▶ Task description: In the entries below, find each line bearing the string "Meters" and copy it.

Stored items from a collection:

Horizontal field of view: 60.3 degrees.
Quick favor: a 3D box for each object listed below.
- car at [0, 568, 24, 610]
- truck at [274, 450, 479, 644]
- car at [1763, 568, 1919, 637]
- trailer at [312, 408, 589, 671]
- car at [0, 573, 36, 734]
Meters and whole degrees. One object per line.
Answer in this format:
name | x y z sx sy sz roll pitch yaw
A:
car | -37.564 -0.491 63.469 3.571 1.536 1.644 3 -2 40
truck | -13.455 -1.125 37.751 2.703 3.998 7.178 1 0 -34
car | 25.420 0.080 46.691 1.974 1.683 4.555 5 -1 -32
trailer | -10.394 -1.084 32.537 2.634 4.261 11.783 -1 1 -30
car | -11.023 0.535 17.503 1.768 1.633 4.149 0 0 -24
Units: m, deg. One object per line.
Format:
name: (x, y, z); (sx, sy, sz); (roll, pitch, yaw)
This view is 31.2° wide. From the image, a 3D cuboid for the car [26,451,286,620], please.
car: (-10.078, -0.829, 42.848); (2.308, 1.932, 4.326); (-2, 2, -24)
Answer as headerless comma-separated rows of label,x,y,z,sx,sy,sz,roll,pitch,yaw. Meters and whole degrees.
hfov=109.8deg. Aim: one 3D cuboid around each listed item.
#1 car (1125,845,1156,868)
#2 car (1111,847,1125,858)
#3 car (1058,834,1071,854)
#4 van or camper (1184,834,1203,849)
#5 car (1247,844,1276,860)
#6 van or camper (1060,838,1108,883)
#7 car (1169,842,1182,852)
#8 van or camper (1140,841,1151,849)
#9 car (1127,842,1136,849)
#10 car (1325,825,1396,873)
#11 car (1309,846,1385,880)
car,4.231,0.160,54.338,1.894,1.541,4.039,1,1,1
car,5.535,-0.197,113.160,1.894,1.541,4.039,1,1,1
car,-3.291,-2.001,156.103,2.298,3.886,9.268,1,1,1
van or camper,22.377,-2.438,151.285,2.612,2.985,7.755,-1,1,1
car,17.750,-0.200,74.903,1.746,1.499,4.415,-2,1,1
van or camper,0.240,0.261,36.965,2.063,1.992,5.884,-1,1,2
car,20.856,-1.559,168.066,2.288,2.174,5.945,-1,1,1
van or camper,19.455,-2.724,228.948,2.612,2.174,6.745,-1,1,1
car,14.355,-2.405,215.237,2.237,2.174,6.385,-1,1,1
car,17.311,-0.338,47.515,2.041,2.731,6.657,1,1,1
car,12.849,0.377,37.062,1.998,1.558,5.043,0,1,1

▶ Result for this task:
Meters and whole degrees. One object per line.
Answer as headerless comma-separated rows of label,x,y,z,sx,sy,sz,roll,pitch,yaw. Meters and whole degrees.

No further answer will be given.